While most students enjoy a couple of more weeks of summer, the latest cohort of little learners at Vancouver Public Schools campuses are getting to work a little early.
Vancouver Public Schools’ Kindergarten Jump Start program, an extended introduction to children’s first year of school, started its first week Monday at six campuses. At the district’s 15 Title I schools — campuses with a high population of low-income students — the program is in its third and final week.
The free, optional program gives incoming kindergartners and their parents a taste of what to expect when the school year begins. Students spend their morning playing with their future classmates, learning letters and math, sitting still while their teacher leads lessons, and doing a hands-on art project. In many cases, children are with their assigned kindergarten teachers, helping them feel comfortable in their own classroom.

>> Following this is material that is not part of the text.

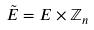Convert formula to latex. <formula><loc_0><loc_0><loc_500><loc_500>\tilde { E } = E \times \mathbb { Z } _ { n }</formula>

At Martin Luther King Elementary School on Monday, where students are wrapping up Jump Start ahead of starting school at the end of the month, 30 future kindergartners danced and sang, identified their own names from an attendance chart and colored and cut out owls in the shape of the letter “O.”
Melle Soles, Jump Start coordinator for Martin Luther King Elementary School and Marshall Elementary School, said students and their families know the school’s routines and expectations before the year starts.
“It makes for a smoother transition into kindergarten,” Soles said. “It makes it easier on the parents and the kids as well.”
It’s simple skills these students are developing — ranging from lining up for recess to holding a crayon — but Shari Perea, a kindergarten teacher at Martin Luther King Elementary School, said the program helps children start the school year ready to learn. Her Jump Start students become role models for those who didn’t participate, helping her keep the class on track.
“It provides some fantastic leaders once the school year begins,” Perea said as children milled around her, clamoring to show her their brightly colored owls.
The program can be especially important for students in the district’s highest poverty schools, where students are more likely to have additional barriers to succeeding in kindergarten. In 2016, 87.5 percent of the Martin Luther King Elementary School’s 497 students received free and reduced-price meals, and 33.4 percent were enrolled in an English-language learning program, according to the most recent data from the Superintendent of Public Instruction’s Office.
Some students have not attended preschool before, or may have limited vocabulary, or their motor skills may need some work, Perea said.
“This program helps level things out a bit,” Perea said.
The Jump Start program is funded through $110,000 in local levy dollars, and federal dollars cover the $120,000 in extra costs for the additional two weeks at Title 1 schools.
Kendra Yamamoto, a co-coordinator for the Jump Start program district-wide, estimates 930 of the district’s kindergartners participate in the program. It’s hard to say how many kindergartners will be registered districtwide in total, as some parents wait to register their children until the first day of school. But about 90 percent of the district’s elementary teachers sign up to teach the program, which Yamamoto said reflects how valuable those weeks are for teachers.
“Teachers are jumping in on the first official day of school with potentially three weeks, rather than meeting everyone on the first day,” she said. “That makes a huge difference in how those kids are transitioning into school.”